# Add orthogonal constraint optimizer

Say you want to optimize parameters of your model where your parameters are a tensor n x D.

``````var1 = torch.tensor(..., requires_grad = True) # Tensor of shape n x D
optimizer = torch.optim.Adam([var1], lr = 1e-5)
for ite in range(ite_max):
loss = loss_function(var1)
optimizer.step()
``````

I want to add an orthogonal constraint on my parameter var1, that is,

``````var1[:,i].T * var1[:,j] = kronecker_ij
``````

where kronecker_ij = 1 if i = j, 0 otherwise.

How should I do it?

Hi Akusa!

You can add an orthogonal penalty to your loss function to push `var1`
towards being orthogonal.

Note, doing so will not force `var1` to be exactly orthogonal – if the rest
of your loss function prefers a non-orthogonal `var1`, the optimization
procedure will make a trade-off between getting the lowest value for your
regular loss and having `var1` be orthogonal. You can tune this trade-off
by multiplying the penalty term with a weighting factor. As you increase
the weight of the penalty, the closer to orthogonal `var1` will become.

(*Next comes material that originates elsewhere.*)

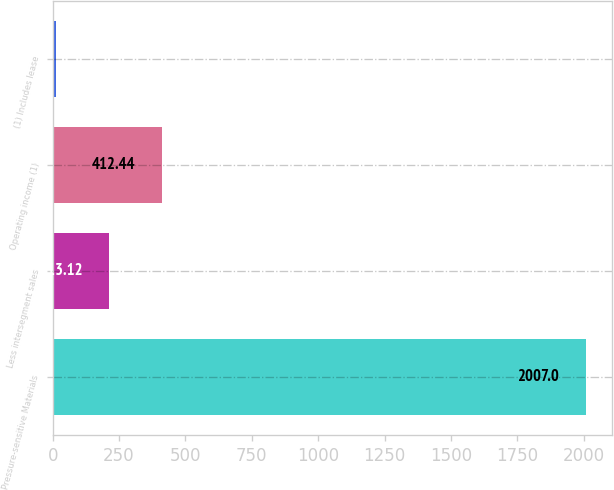Convert chart to OTSL. <chart><loc_0><loc_0><loc_500><loc_500><bar_chart><fcel>Pressure-sensitive Materials<fcel>Less intersegment sales<fcel>Operating income (1)<fcel>(1) Includes lease<nl><fcel>2007<fcel>213.12<fcel>412.44<fcel>13.8<nl></chart>

This script adds an orthogonality penalty to your code fragment:

``````import torch
print (torch.__version__)

_ = torch.random.manual_seed (2021)

def ortho_penalty (t):
return ((t @t.T - torch.eye (t.shape[0]))**2).sum()

n = 5
D = 7
lr = 0.1
ite_max = 200

var1 = torch.randn ((n, D), requires_grad = True) # Tensor of shape n x D
optimizer = torch.optim.Adam([var1], lr = lr)
for ite in range(ite_max):
loss = ortho_penalty (var1)
if ite == ite_max - 1  or  ite % 20 == 0:
print ('loss =', loss.item())
loss.backward()
optimizer.step()

print ('var1 = ...\n', var1)
print ('var1 @ var1.T = ...\n', var1 @ var1.T)
``````

Here is its output:

``````1.7.1
loss = 272.65423583984375
loss = 0.8204055428504944
loss = 0.2746223211288452
loss = 0.055152103304862976
loss = 0.0036679445765912533
loss = 0.0007598181255161762
loss = 7.743481546640396e-05
loss = 1.1900866411451716e-05
loss = 4.0019048697104154e-07
loss = 1.5665852970414562e-07
loss = 1.9611301027566697e-08
var1 = ...
tensor([[-0.5975, -0.3254,  0.2185, -0.0053, -0.3276, -0.4471,  0.4268],
[-0.1584, -0.7288, -0.2472, -0.2933, -0.1118,  0.2660, -0.4619],
[-0.4144,  0.5079,  0.3184, -0.3310, -0.2745,  0.0373, -0.5317],
[ 0.5968, -0.0300, -0.0399, -0.1651, -0.6691, -0.3961, -0.0974],
[-0.0128,  0.0696,  0.0430,  0.0669, -0.5315,  0.7458,  0.3873]],
var1 @ var1.T = ...
tensor([[ 1.0000e+00, -2.4647e-05, -1.3560e-05,  3.6400e-05,  3.8207e-05],
[-2.4647e-05,  1.0000e+00, -7.5102e-06, -9.2573e-06, -1.5244e-05],
[-1.3545e-05, -7.5102e-06,  1.0000e+00,  5.3346e-06, -4.1515e-05],
[ 3.6404e-05, -9.2536e-06,  5.3346e-06,  1.0000e+00,  1.0524e-05],
[ 3.8207e-05, -1.5244e-05, -4.1515e-05,  1.0554e-05,  9.9999e-01]],
`loss = loss_function(var1) + w*ortho_penalty(var1)`
where `w > 0 ` is the penalty weight.